Her senior thesis at Hampshire was a comic that featured Freddy. Even with these events lining up, Mendes still hadn’t made the decision to pursue cartooning and was even considering going into an education program for her future. An ex-boyfriend sent her a newspaper clipping about the Center for Cartoon Studies and it immediately intrigued her. Unfortunately, it didn’t actually exist yet.

“I emailed Michelle Ollie, who’s the president there, and asked if they needed an intern, and she said ‘sure,’ ” Mendes said. “I was one of the first interns, but there was nothing there yet, so mostly I painted things and babysat for people, but it was really great.”

Following that, Mendes decided the two-year program at CCS was something she should pursue, and that is what moved her into the realistic direction of wanting to pursue cartooning as a profession.

“I didn’t seriously think that I wanted to be a published comic artist until I made the decision to go to CCS and so before that, I was just doing my own thing.”

The school introduced her to many aspects of the industry, including the well-known mainstay, the comic book convention. To the outside world, comic book conventions might just look like a place where people go to buy merchandise and get books signed.

But in the comics world, they are the epicenter of networking, where publishers meet new talent, where outside of their studios, creators connect with other creators, and where older professionals find opportunities to mentor newcomers. They are the social and business center of the comics world.

The focus of the two-year program, though, is learning the hard grind of how to create comics as your job.

“The first year is really intensive, just churning out work,” Mendes said, “but it was really hard and really good. It’s like you have to be self-motivated, and you get what you put in.

“Before I went to CCS, I was more interested in education, but what it gave me was selfconfidence in my own work and helped me realize that I could draw comics and make stories, and that’s what I wanted to do.” One of the biggest differences from the Hampshire experience was the critical mass of other people interested in cartooning and working in the field, that was at her social and educational disposal.
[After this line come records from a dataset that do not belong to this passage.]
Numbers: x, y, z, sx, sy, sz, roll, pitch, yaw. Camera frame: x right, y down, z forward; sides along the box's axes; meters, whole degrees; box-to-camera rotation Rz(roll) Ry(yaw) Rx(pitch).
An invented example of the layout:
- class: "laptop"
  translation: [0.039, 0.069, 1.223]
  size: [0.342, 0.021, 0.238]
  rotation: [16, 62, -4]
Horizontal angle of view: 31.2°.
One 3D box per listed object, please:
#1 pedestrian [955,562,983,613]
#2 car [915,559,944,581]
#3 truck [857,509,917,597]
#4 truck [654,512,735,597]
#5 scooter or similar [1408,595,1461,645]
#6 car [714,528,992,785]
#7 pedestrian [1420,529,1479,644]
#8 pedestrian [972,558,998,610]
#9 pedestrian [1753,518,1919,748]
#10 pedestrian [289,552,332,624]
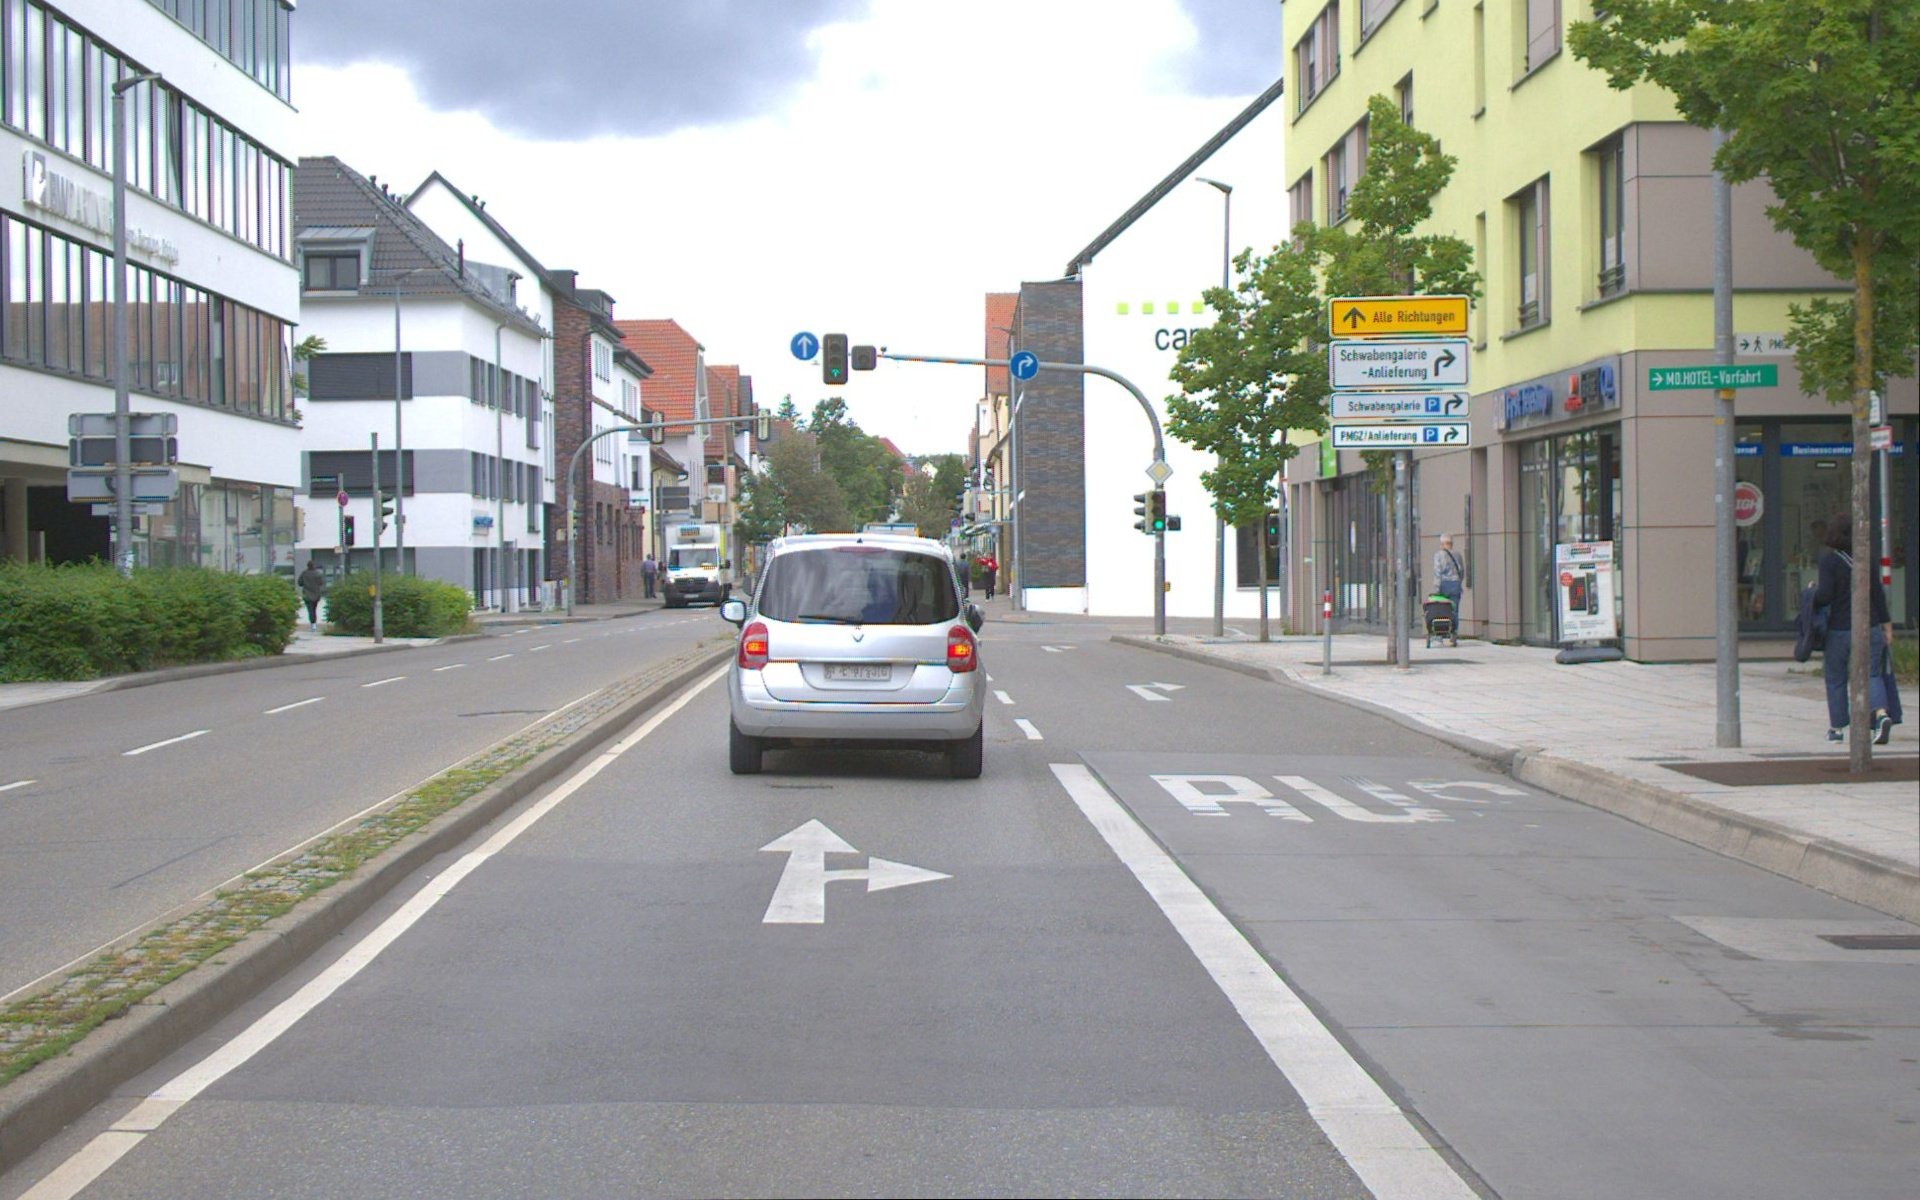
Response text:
- class: "pedestrian"
  translation: [0.326, -0.444, 122.028]
  size: [0.889, 1.781, 0.785]
  rotation: [-3, 1, 0]
- class: "car"
  translation: [-1.990, -1.977, 225.261]
  size: [1.812, 1.349, 4.000]
  rotation: [-1, 1, 0]
- class: "truck"
  translation: [-3.227, -2.113, 153.312]
  size: [2.595, 3.844, 6.849]
  rotation: [0, 1, -1]
- class: "truck"
  translation: [-9.622, -1.648, 125.223]
  size: [2.435, 2.943, 8.365]
  rotation: [1, 1, -1]
- class: "scooter or similar"
  translation: [6.605, 0.278, 47.860]
  size: [0.592, 0.670, 0.824]
  rotation: [-1, 1, -2]
- class: "car"
  translation: [-0.716, 0.332, 23.655]
  size: [1.706, 1.573, 4.000]
  rotation: [1, 1, -1]
- class: "pedestrian"
  translation: [6.911, -0.192, 48.571]
  size: [0.695, 1.588, 0.603]
  rotation: [-1, 1, -2]
- class: "pedestrian"
  translation: [0.861, -0.556, 119.453]
  size: [0.807, 1.781, 0.861]
  rotation: [-3, 1, 0]
- class: "pedestrian"
  translation: [6.186, 0.220, 24.194]
  size: [0.947, 1.578, 1.016]
  rotation: [0, 0, -2]
- class: "pedestrian"
  translation: [-15.455, -0.294, 81.774]
  size: [0.881, 1.664, 0.814]
  rotation: [-1, 3, -20]

“I think a big part of that was the community of it and going to conventions — my classmates all being really talented cartoonists. We had a visiting artist every week and meeting professional cartoonists and being surrounded by it is really great.”

It was during her time at the CCS Mendes first applied for the Xeric Grant, a prestigious award to help newcomers in the field self-publish their work.

Though the traditional publishing world is beginning to catch up with this mentality in the digital age, in the comic book industry, self-publishing is anything but a signpost for marginalization — it’s encouraged and respected and often the breeding ground for much of the avant garde and intellectual work in the form.

“This was the second time I applied,” Mendes said. “The first was with my senior thesis project at Hampshire, which wasn’t completely finished, and I didn’t get the grant then. I think that’s why, for this time around, I just redrew the two mini comics that I had done about Freddy, and I presented that as the finished book, put all together with a cover. But the actual final result is twice as long as what I applied with.” Mendes graduated in the summer of 2010 and set to the final phase of finishing up “Freddy Stories” for the eventual publication. This process would take another year and be juggled with a so-called real life and a graphic design job in Providence.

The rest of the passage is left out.